[[ Dataset excerpts, beginning ]]

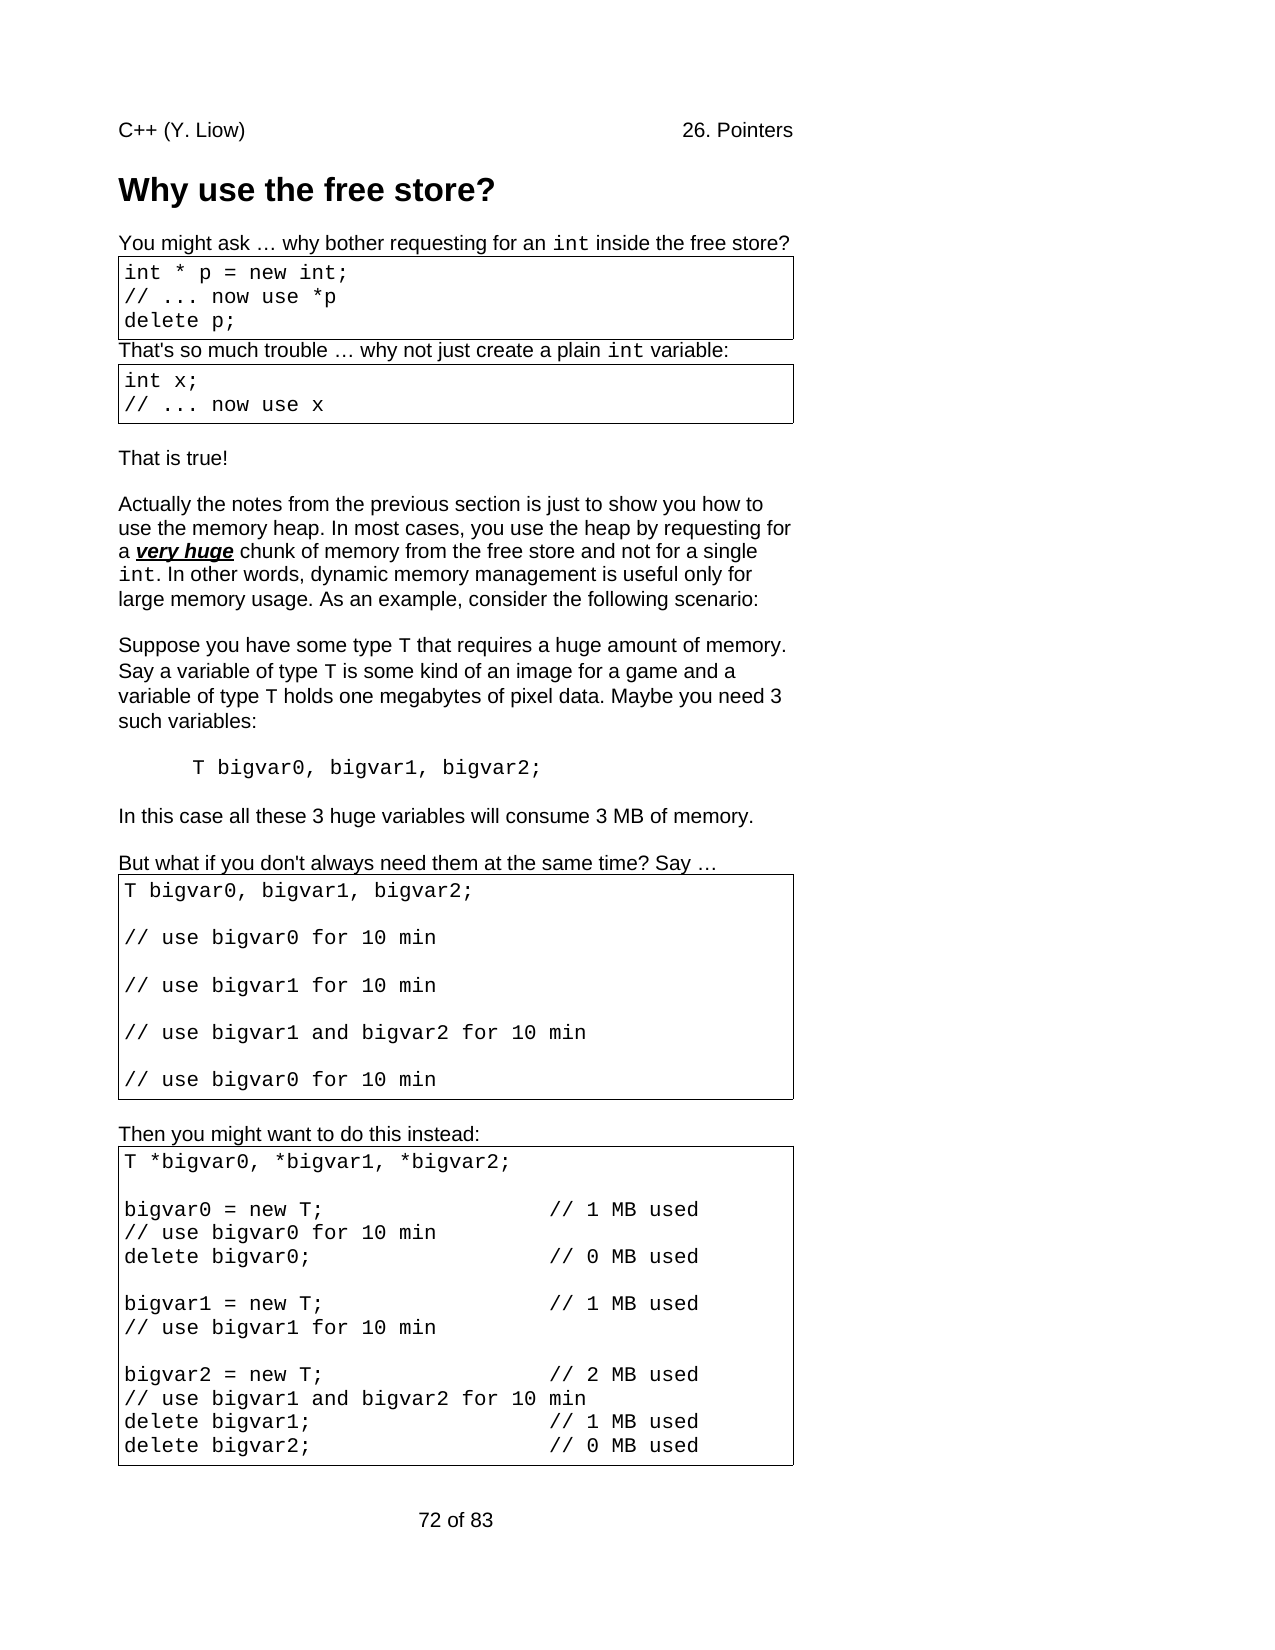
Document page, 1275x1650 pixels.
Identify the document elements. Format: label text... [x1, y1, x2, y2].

table_header T *bigvar0, *bigvar1, *bigvar2; bigvar0 = new T; // 1 MB used // use bigvar0 for 10 min delete bigvar0; // 0 MB used bigvar1 = new T; // 1 MB used // use bigvar1 for 10 min bigvar2 = new T; // 2 MB used // use bigvar1 and bigvar2 for 10 min delete bigvar1; // 1 MB used delete bigvar2; // 0 MB used [119, 1147, 793, 1464]
text That's so much trouble … why not just create a plain int variable: [118, 340, 793, 364]
text Suppose you have some type T that requires a huge amount of memory. Say a variable of type T is some kind of an image for a game and a variable of type T holds one megabytes of pixel data. Maybe you need 3 such variables: [118, 634, 793, 733]
table_header T bigvar0, bigvar1, bigvar2; // use bigvar0 for 10 min // use bigvar1 for 10 min // use bigvar1 and bigvar2 for 10 min // use bigvar0 for 10 min [119, 875, 793, 1099]
text Actually the notes from the previous section is just to show you how to use the memory heap. In most cases, you use the heap by requesting for a very huge chunk of memory from the free store and not for a single int. In other words, dynamic memory management is useful only for large memory usage. As an example, consider the following scenario: [118, 493, 793, 611]
text But what if you don't always need them at the same time? Say … [118, 851, 793, 874]
text You might ask … why bother requesting for an int inside the free store? [118, 231, 793, 256]
table_header int * p = new int; // ... now use *p delete p; [119, 257, 793, 339]
table_header int x; // ... now use x [119, 365, 793, 423]
text Why use the free store? [118, 171, 793, 208]
text T bigvar0, bigvar1, bigvar2; [118, 756, 793, 781]
text In this case all these 3 huge variables will consume 3 MB of memory. [118, 804, 793, 828]
text That is true! [118, 446, 793, 469]
text Then you might want to do this instead: [118, 1122, 793, 1146]
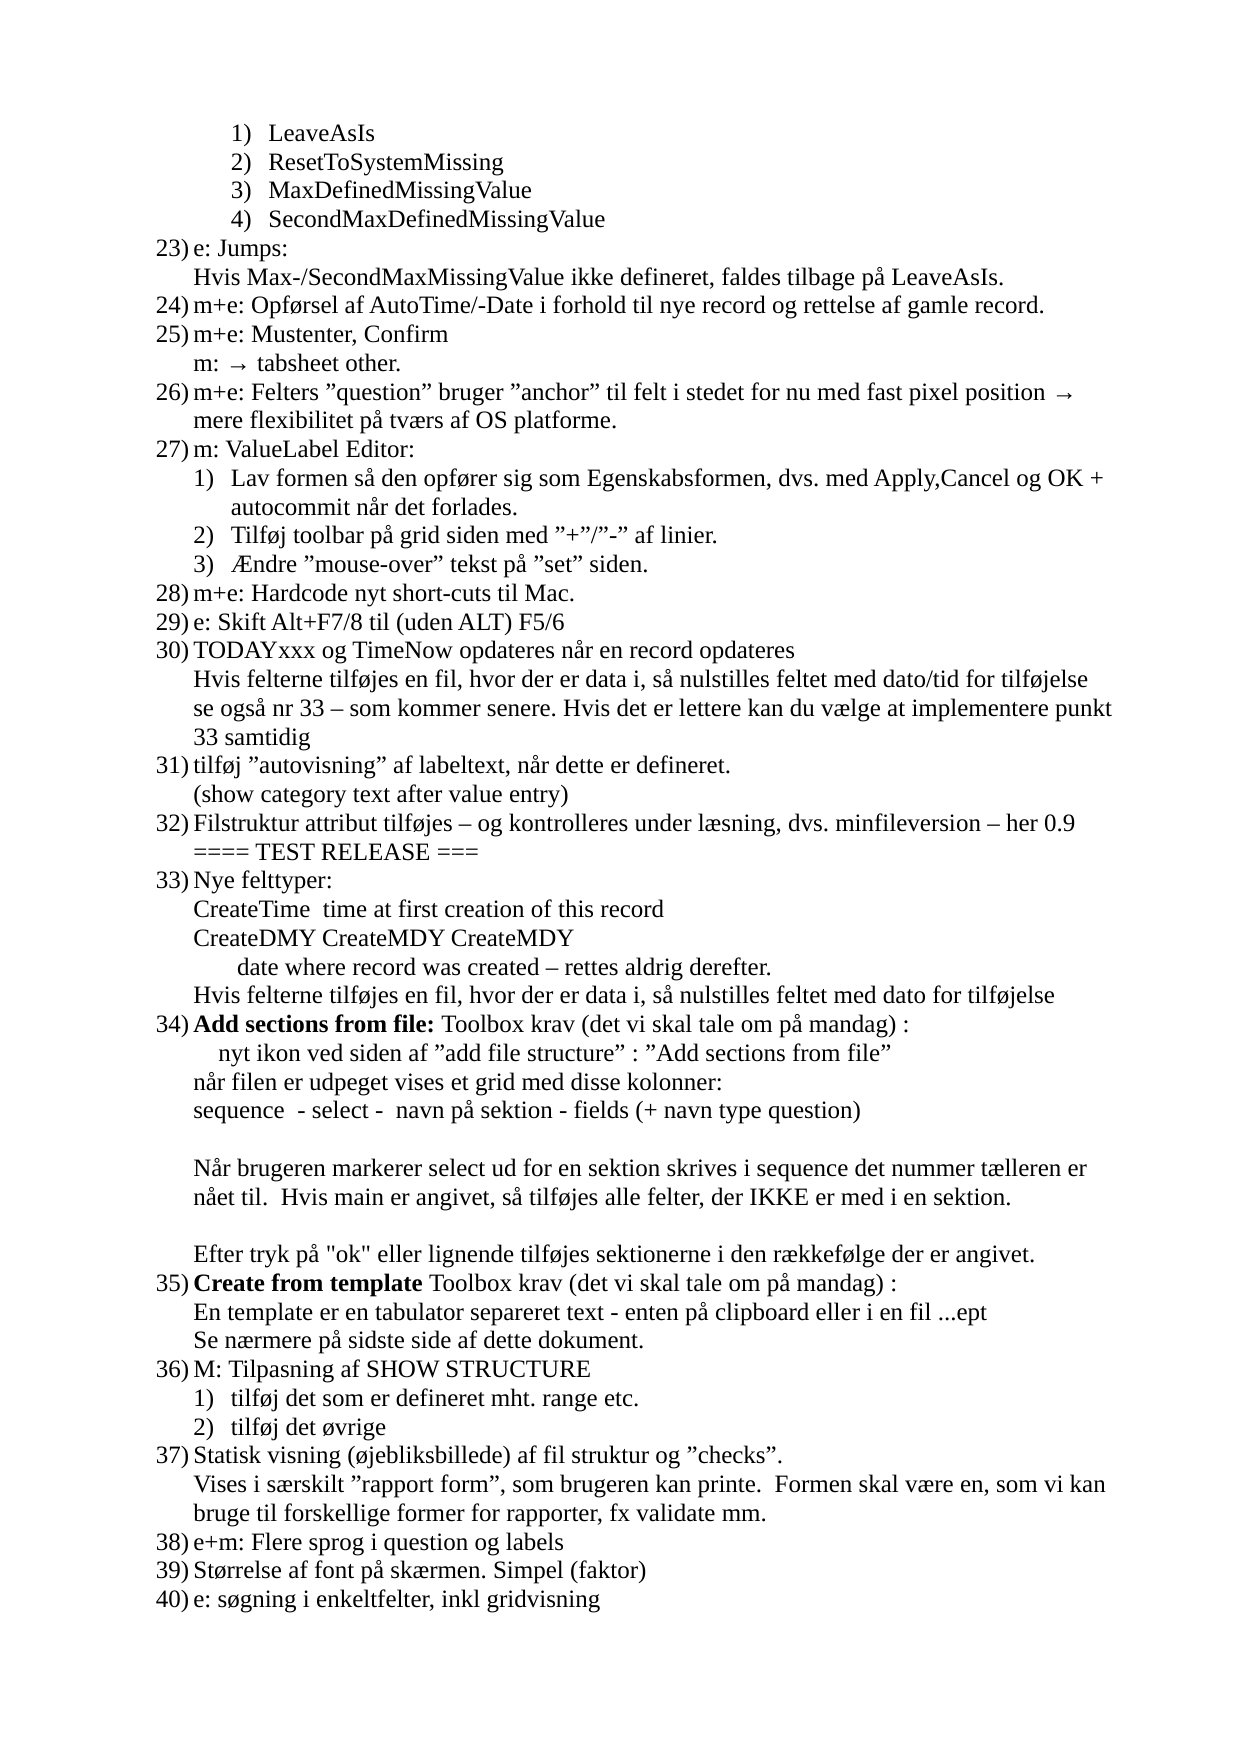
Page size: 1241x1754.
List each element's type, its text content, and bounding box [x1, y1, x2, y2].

list m: ValueLabel Editor: [156, 434, 1122, 463]
list e: søgning i enkeltfelter, inkl gridvisning [156, 1584, 1122, 1613]
list ResetToSystemMissing [231, 147, 1122, 176]
list Lav formen så den opfører sig som Egenskabsformen, dvs. med Apply,Cancel og OK + autocommit når det forlades. [193, 463, 1122, 521]
list tilføj ”autovisning” af labeltext, når dette er defineret. (show category text after value entry) [156, 751, 1122, 808]
list Størrelse af font på skærmen. Simpel (faktor) [156, 1556, 1122, 1584]
list SecondMaxDefinedMissingValue [231, 204, 1122, 233]
list M: Tilpasning af SHOW STRUCTURE [156, 1354, 1122, 1383]
list Nye felttyper: CreateTime time at first creation of this record CreateDMY CreateMDY CreateMDY date where record was created – rettes aldrig derefter. Hvis felterne tilføjes en fil, hvor der er data i, så nulstilles feltet med dato for tilføjelse [156, 866, 1122, 1009]
list e: Jumps: Hvis Max-/SecondMaxMissingValue ikke defineret, faldes tilbage på LeaveAsIs. [156, 233, 1122, 291]
list Tilføj toolbar på grid siden med ”+”/”-” af linier. [193, 521, 1122, 549]
list Ændre ”mouse-over” tekst på ”set” siden. [193, 549, 1122, 578]
list m+e: Opførsel af AutoTime/-Date i forhold til nye record og rettelse af gamle record. [156, 291, 1122, 319]
list m+e: Hardcode nyt short-cuts til Mac. [156, 578, 1122, 607]
list Filstruktur attribut tilføjes – og kontrolleres under læsning, dvs. minfileversion – her 0.9 ==== TEST RELEASE === [156, 808, 1122, 866]
list m+e: Mustenter, Confirm m: → tabsheet other. [156, 319, 1122, 377]
list e+m: Flere sprog i question og labels [156, 1527, 1122, 1556]
list TODAYxxx og TimeNow opdateres når en record opdateres Hvis felterne tilføjes en fil, hvor der er data i, så nulstilles feltet med dato/tid for tilføjelse se også nr 33 – som kommer senere. Hvis det er lettere kan du vælge at implementere punkt 33 samtidig [156, 636, 1122, 751]
list m+e: Felters ”question” bruger ”anchor” til felt i stedet for nu med fast pixel position → mere flexibilitet på tværs af OS platforme. [156, 377, 1122, 434]
list LeaveAsIs [231, 118, 1122, 147]
list Statisk visning (øjebliksbillede) af fil struktur og ”checks”. Vises i særskilt ”rapport form”, som brugeren kan printe. Formen skal være en, som vi kan bruge til forskellige former for rapporter, fx validate mm. [156, 1441, 1122, 1527]
list MaxDefinedMissingValue [231, 176, 1122, 204]
list e: Skift Alt+F7/8 til (uden ALT) F5/6 [156, 607, 1122, 636]
list Add sections from file: Toolbox krav (det vi skal tale om på mandag) : nyt ikon ved siden af ”add file structure” : ”Add sections from file” når filen er udpeget vises et grid med disse kolonner: sequence - select - navn på sektion - fields (+ navn type question) Når brugeren markerer select ud for en sektion skrives i sequence det nummer tælleren er nået til. Hvis main er angivet, så tilføjes alle felter, der IKKE er med i en sektion. Efter tryk på "ok" eller lignende tilføjes sektionerne i den rækkefølge der er angivet. [156, 1009, 1122, 1268]
list Create from template Toolbox krav (det vi skal tale om på mandag) : En template er en tabulator separeret text - enten på clipboard eller i en fil ...ept Se nærmere på sidste side af dette dokument. [156, 1268, 1122, 1354]
list tilføj det øvrige [193, 1412, 1122, 1441]
list tilføj det som er defineret mht. range etc. [193, 1383, 1122, 1412]

[[ Dataset excerpts, end ]]

## Instructions for the task
From the entries, copy out each line containing the word "dato".

## The completed task
list Nye felttyper: CreateTime time at first creation of this record CreateDMY CreateMDY CreateMDY date where record was created – rettes aldrig derefter. Hvis felterne tilføjes en fil, hvor der er data i, så nulstilles feltet med dato for tilføjelse [156, 866, 1122, 1009]
list TODAYxxx og TimeNow opdateres når en record opdateres Hvis felterne tilføjes en fil, hvor der er data i, så nulstilles feltet med dato/tid for tilføjelse se også nr 33 – som kommer senere. Hvis det er lettere kan du vælge at implementere punkt 33 samtidig [156, 636, 1122, 751]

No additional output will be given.